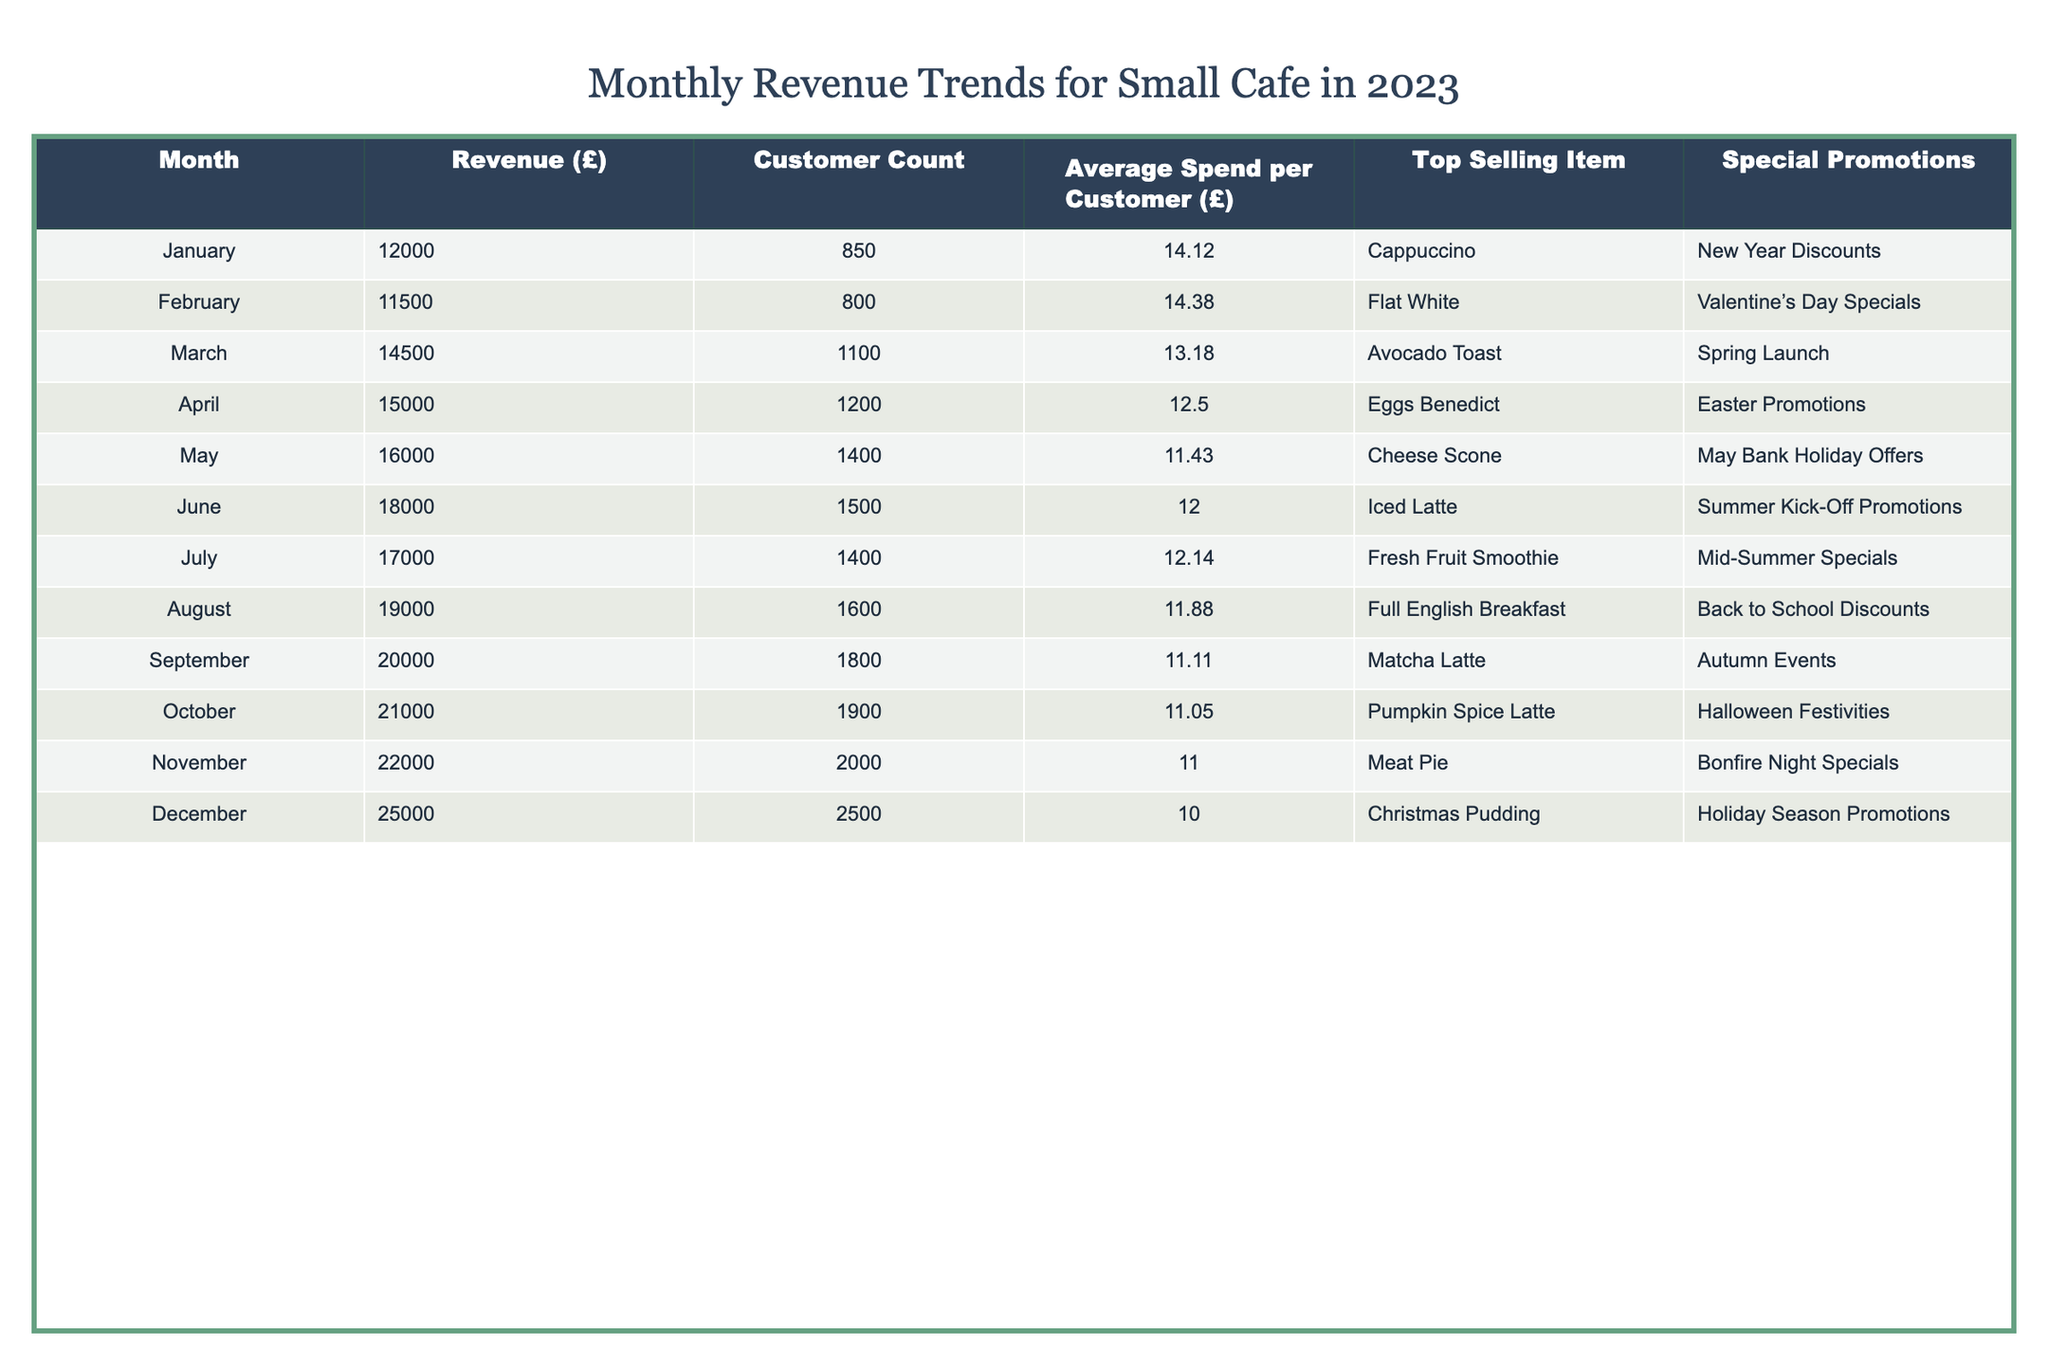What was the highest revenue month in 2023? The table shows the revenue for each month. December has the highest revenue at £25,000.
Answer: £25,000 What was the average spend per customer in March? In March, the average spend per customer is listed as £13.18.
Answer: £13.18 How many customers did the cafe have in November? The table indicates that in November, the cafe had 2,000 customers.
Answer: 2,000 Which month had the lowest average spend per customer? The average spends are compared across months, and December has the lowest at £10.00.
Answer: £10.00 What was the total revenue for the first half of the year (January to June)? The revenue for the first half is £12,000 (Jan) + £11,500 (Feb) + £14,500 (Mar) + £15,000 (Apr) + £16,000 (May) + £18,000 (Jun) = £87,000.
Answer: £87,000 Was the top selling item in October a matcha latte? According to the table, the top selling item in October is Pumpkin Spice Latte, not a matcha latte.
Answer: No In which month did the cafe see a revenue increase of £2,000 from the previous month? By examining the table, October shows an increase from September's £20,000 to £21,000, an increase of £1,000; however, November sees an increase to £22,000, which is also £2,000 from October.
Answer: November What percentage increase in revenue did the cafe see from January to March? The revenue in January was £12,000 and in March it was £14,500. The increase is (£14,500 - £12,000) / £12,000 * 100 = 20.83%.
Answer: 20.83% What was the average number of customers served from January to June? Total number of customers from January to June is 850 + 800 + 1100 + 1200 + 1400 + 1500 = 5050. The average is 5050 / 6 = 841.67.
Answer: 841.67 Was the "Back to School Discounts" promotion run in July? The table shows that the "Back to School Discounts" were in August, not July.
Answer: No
****************************************
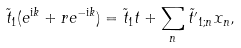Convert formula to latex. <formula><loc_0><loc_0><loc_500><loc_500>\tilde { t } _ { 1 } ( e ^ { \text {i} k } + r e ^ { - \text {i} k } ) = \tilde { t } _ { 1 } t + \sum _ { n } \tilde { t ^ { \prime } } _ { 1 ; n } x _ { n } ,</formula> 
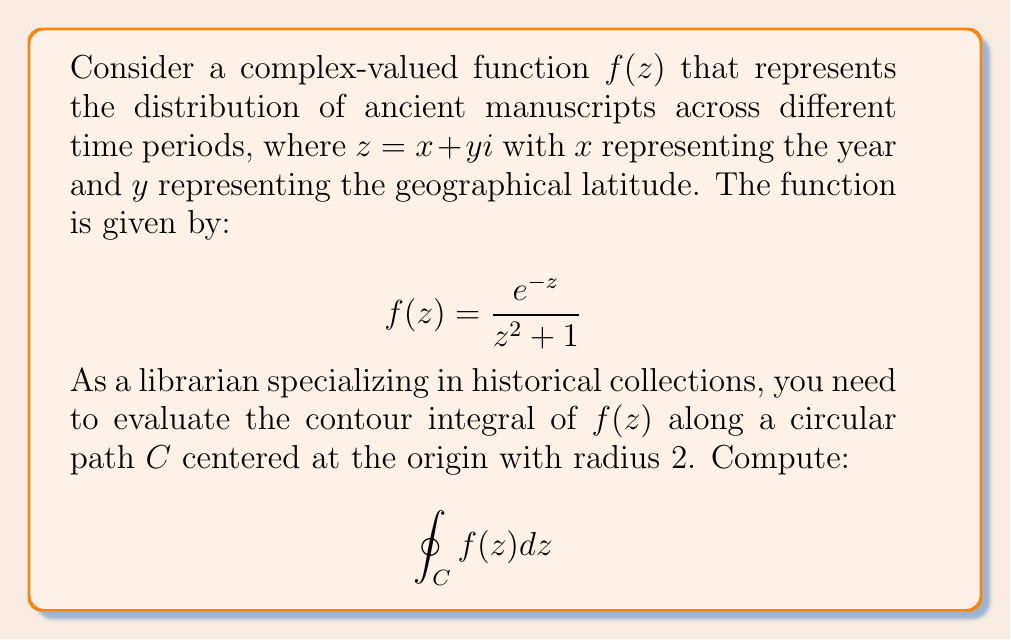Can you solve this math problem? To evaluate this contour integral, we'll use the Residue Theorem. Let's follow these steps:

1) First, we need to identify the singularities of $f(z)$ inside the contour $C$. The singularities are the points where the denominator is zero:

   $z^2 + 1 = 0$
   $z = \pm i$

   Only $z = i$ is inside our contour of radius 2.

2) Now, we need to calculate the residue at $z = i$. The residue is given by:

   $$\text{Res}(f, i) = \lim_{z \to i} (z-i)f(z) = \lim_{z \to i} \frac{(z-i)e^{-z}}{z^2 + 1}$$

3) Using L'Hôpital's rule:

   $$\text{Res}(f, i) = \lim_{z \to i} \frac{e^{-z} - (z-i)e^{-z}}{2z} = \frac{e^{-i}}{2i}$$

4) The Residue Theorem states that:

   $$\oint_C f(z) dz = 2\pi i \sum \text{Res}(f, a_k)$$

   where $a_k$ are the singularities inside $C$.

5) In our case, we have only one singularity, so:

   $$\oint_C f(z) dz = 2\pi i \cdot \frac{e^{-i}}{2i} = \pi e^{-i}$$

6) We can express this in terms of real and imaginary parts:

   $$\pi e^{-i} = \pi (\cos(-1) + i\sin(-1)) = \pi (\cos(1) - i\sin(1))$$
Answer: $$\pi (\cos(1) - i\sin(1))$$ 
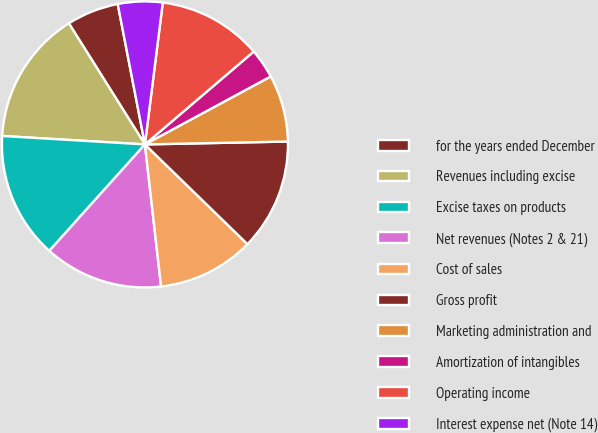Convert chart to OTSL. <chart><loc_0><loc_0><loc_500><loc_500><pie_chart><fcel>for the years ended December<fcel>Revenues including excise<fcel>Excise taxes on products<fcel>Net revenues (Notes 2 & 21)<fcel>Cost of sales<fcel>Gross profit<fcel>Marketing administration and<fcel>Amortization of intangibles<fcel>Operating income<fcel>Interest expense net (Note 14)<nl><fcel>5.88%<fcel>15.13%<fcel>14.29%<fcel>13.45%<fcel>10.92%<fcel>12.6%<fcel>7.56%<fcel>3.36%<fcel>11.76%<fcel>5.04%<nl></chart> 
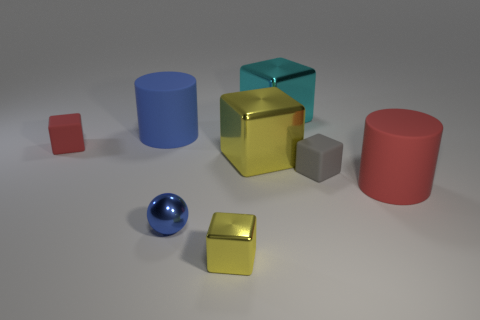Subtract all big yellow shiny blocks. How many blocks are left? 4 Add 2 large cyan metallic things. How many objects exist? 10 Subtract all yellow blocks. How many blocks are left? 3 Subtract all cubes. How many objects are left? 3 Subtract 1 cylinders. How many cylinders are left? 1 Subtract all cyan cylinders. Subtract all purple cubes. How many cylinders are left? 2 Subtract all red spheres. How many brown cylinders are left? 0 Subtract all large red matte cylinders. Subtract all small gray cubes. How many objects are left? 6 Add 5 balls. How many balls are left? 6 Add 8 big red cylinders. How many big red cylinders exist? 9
****************************************
Looking at the data above, count the lines that contain the string "need" and give only the count.

2